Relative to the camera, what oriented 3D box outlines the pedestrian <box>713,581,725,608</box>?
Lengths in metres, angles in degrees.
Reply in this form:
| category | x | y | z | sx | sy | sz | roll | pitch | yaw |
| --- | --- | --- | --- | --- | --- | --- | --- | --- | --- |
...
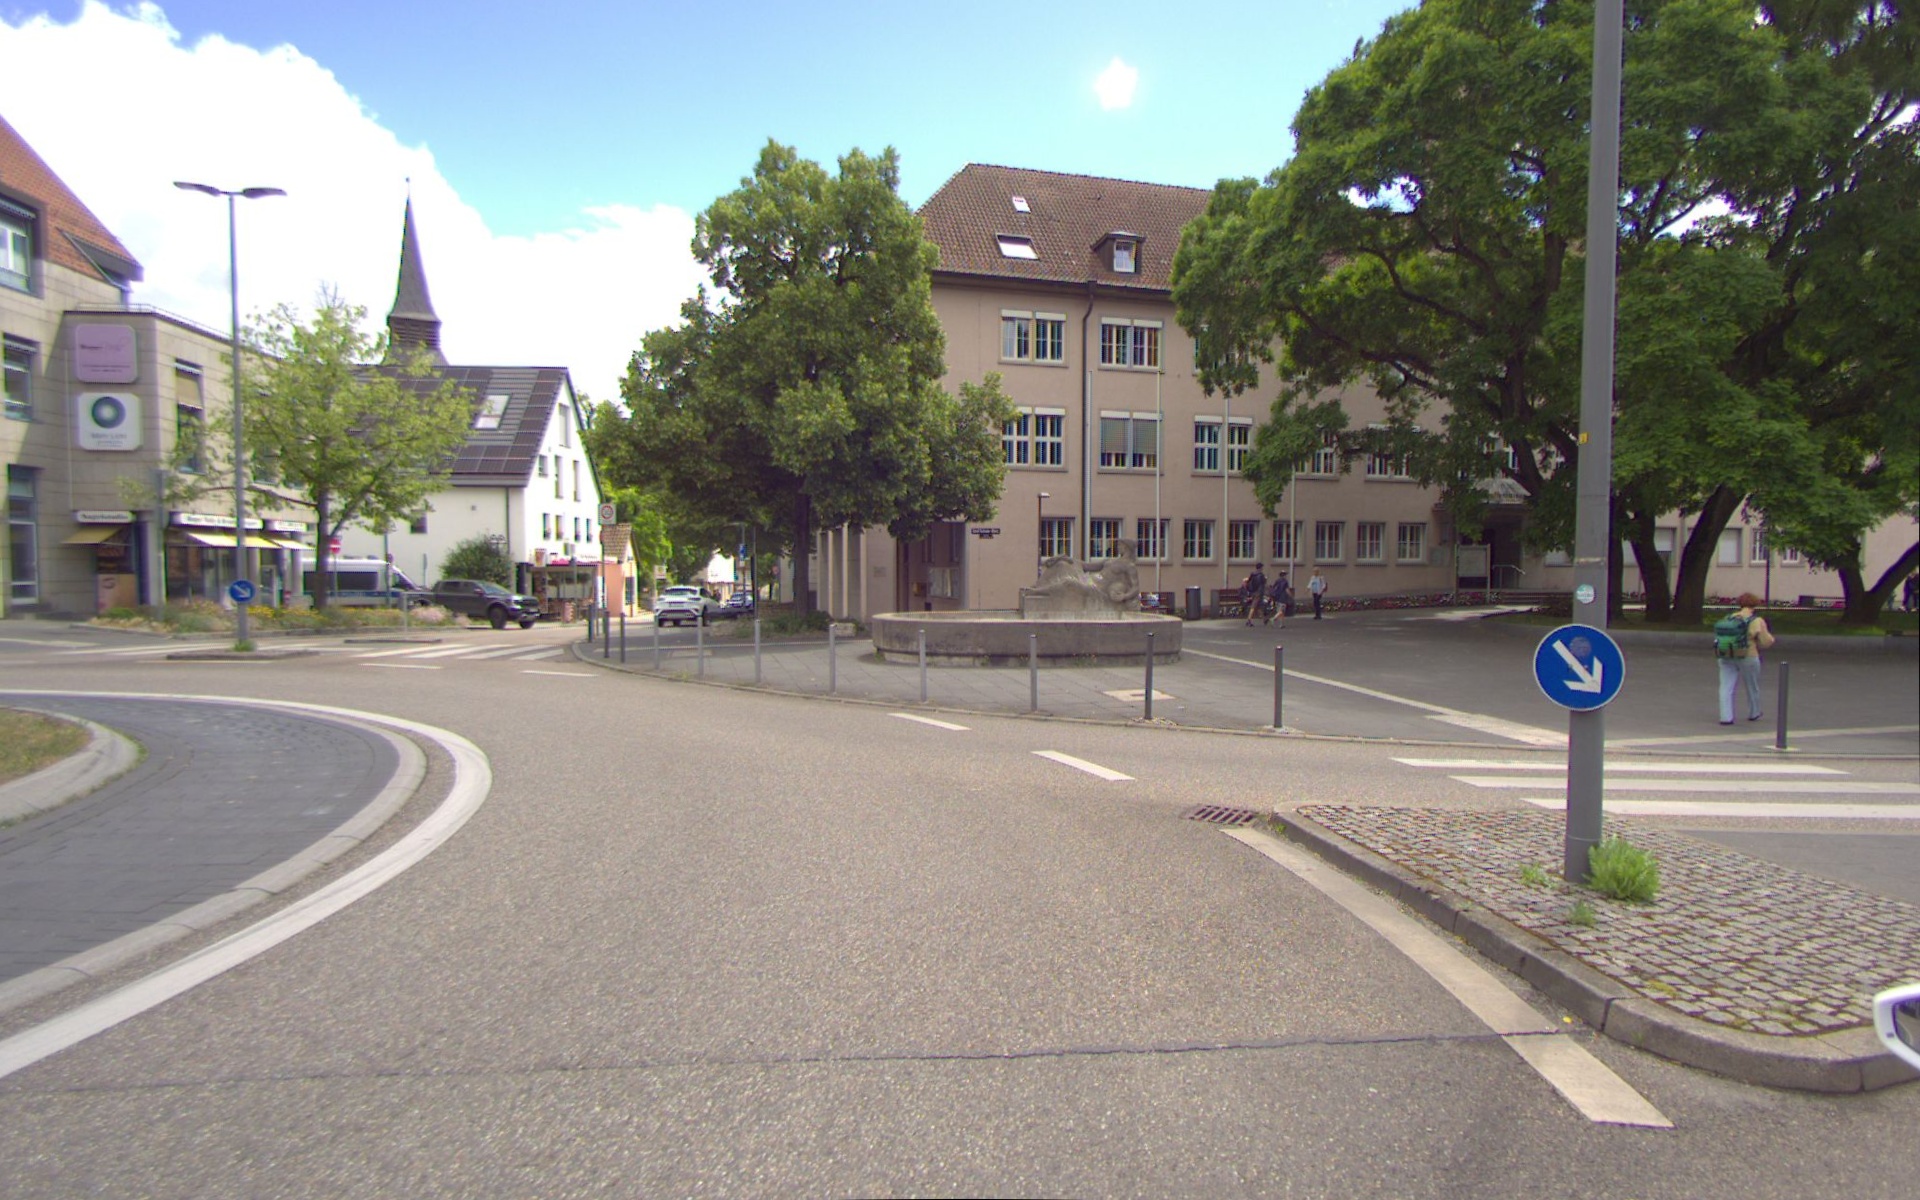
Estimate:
| category | x | y | z | sx | sy | sz | roll | pitch | yaw |
| --- | --- | --- | --- | --- | --- | --- | --- | --- | --- |
| pedestrian | -14.331 | -0.328 | 59.815 | 0.586 | 1.569 | 0.580 | 2 | 1 | -7 |

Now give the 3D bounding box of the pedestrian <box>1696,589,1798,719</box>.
| category | x | y | z | sx | sy | sz | roll | pitch | yaw |
| --- | --- | --- | --- | --- | --- | --- | --- | --- | --- |
| pedestrian | 9.653 | 0.646 | 12.335 | 0.773 | 1.535 | 0.551 | -1 | 3 | -4 |

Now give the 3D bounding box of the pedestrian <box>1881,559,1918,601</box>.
| category | x | y | z | sx | sy | sz | roll | pitch | yaw |
| --- | --- | --- | --- | --- | --- | --- | --- | --- | --- |
| pedestrian | 36.293 | -0.762 | 38.807 | 0.626 | 1.598 | 0.786 | 1 | 1 | -13 |

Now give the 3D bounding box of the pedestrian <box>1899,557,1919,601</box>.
| category | x | y | z | sx | sy | sz | roll | pitch | yaw |
| --- | --- | --- | --- | --- | --- | --- | --- | --- | --- |
| pedestrian | 35.876 | -0.784 | 37.613 | 0.626 | 1.649 | 0.786 | 1 | 1 | -13 |

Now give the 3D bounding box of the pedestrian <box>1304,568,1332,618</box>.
| category | x | y | z | sx | sy | sz | roll | pitch | yaw |
| --- | --- | --- | --- | --- | --- | --- | --- | --- | --- |
| pedestrian | 11.089 | -0.219 | 31.134 | 0.686 | 1.513 | 0.815 | 2 | 1 | 15 |

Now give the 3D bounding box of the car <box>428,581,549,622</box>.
| category | x | y | z | sx | sy | sz | roll | pitch | yaw |
| --- | --- | --- | --- | --- | --- | --- | --- | --- | --- |
| car | -18.275 | 0.045 | 38.999 | 3.919 | 1.439 | 1.691 | 1 | 1 | 6 |

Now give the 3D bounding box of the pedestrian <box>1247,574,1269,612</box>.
| category | x | y | z | sx | sy | sz | roll | pitch | yaw |
| --- | --- | --- | --- | --- | --- | --- | --- | --- | --- |
| pedestrian | 9.613 | -0.229 | 32.413 | 0.480 | 1.198 | 0.579 | 3 | 2 | 35 |

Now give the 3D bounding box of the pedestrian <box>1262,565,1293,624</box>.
| category | x | y | z | sx | sy | sz | roll | pitch | yaw |
| --- | --- | --- | --- | --- | --- | --- | --- | --- | --- |
| pedestrian | 8.719 | -0.157 | 27.620 | 0.626 | 1.544 | 0.577 | 2 | 5 | 3 |

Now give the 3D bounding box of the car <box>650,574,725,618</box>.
| category | x | y | z | sx | sy | sz | roll | pitch | yaw |
| --- | --- | --- | --- | --- | --- | --- | --- | --- | --- |
| car | -10.232 | -0.181 | 38.048 | 1.946 | 1.551 | 3.997 | 1 | 1 | -4 |

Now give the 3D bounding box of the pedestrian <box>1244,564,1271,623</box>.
| category | x | y | z | sx | sy | sz | roll | pitch | yaw |
| --- | --- | --- | --- | --- | --- | --- | --- | --- | --- |
| pedestrian | 8.409 | -0.182 | 28.408 | 0.563 | 1.631 | 0.437 | 2 | 5 | 3 |

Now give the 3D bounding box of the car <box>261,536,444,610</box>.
| category | x | y | z | sx | sy | sz | roll | pitch | yaw |
| --- | --- | --- | --- | --- | --- | --- | --- | --- | --- |
| car | -24.913 | -1.020 | 41.334 | 6.244 | 2.593 | 2.185 | 3 | -2 | -36 |

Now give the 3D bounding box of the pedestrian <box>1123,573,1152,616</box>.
| category | x | y | z | sx | sy | sz | roll | pitch | yaw |
| --- | --- | --- | --- | --- | --- | --- | --- | --- | --- |
| pedestrian | 5.489 | -0.174 | 31.048 | 0.688 | 1.279 | 0.580 | 2 | 1 | -9 |

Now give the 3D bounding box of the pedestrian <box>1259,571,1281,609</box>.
| category | x | y | z | sx | sy | sz | roll | pitch | yaw |
| --- | --- | --- | --- | --- | --- | --- | --- | --- | --- |
| pedestrian | 10.175 | -0.331 | 32.975 | 0.480 | 1.238 | 0.579 | 3 | 2 | 35 |

GOAL OF THE EXERCISE> Retype the lines above without alteration. The first is the one containing "the pedestrian <box>1247,574,1269,612</box>.", and the last is the final line of the data.

SOLUTION TO THIS TASK>
Now give the 3D bounding box of the pedestrian <box>1247,574,1269,612</box>.
| category | x | y | z | sx | sy | sz | roll | pitch | yaw |
| --- | --- | --- | --- | --- | --- | --- | --- | --- | --- |
| pedestrian | 9.613 | -0.229 | 32.413 | 0.480 | 1.198 | 0.579 | 3 | 2 | 35 |

Now give the 3D bounding box of the pedestrian <box>1262,565,1293,624</box>.
| category | x | y | z | sx | sy | sz | roll | pitch | yaw |
| --- | --- | --- | --- | --- | --- | --- | --- | --- | --- |
| pedestrian | 8.719 | -0.157 | 27.620 | 0.626 | 1.544 | 0.577 | 2 | 5 | 3 |

Now give the 3D bounding box of the car <box>650,574,725,618</box>.
| category | x | y | z | sx | sy | sz | roll | pitch | yaw |
| --- | --- | --- | --- | --- | --- | --- | --- | --- | --- |
| car | -10.232 | -0.181 | 38.048 | 1.946 | 1.551 | 3.997 | 1 | 1 | -4 |

Now give the 3D bounding box of the pedestrian <box>1244,564,1271,623</box>.
| category | x | y | z | sx | sy | sz | roll | pitch | yaw |
| --- | --- | --- | --- | --- | --- | --- | --- | --- | --- |
| pedestrian | 8.409 | -0.182 | 28.408 | 0.563 | 1.631 | 0.437 | 2 | 5 | 3 |

Now give the 3D bounding box of the car <box>261,536,444,610</box>.
| category | x | y | z | sx | sy | sz | roll | pitch | yaw |
| --- | --- | --- | --- | --- | --- | --- | --- | --- | --- |
| car | -24.913 | -1.020 | 41.334 | 6.244 | 2.593 | 2.185 | 3 | -2 | -36 |

Now give the 3D bounding box of the pedestrian <box>1123,573,1152,616</box>.
| category | x | y | z | sx | sy | sz | roll | pitch | yaw |
| --- | --- | --- | --- | --- | --- | --- | --- | --- | --- |
| pedestrian | 5.489 | -0.174 | 31.048 | 0.688 | 1.279 | 0.580 | 2 | 1 | -9 |

Now give the 3D bounding box of the pedestrian <box>1259,571,1281,609</box>.
| category | x | y | z | sx | sy | sz | roll | pitch | yaw |
| --- | --- | --- | --- | --- | --- | --- | --- | --- | --- |
| pedestrian | 10.175 | -0.331 | 32.975 | 0.480 | 1.238 | 0.579 | 3 | 2 | 35 |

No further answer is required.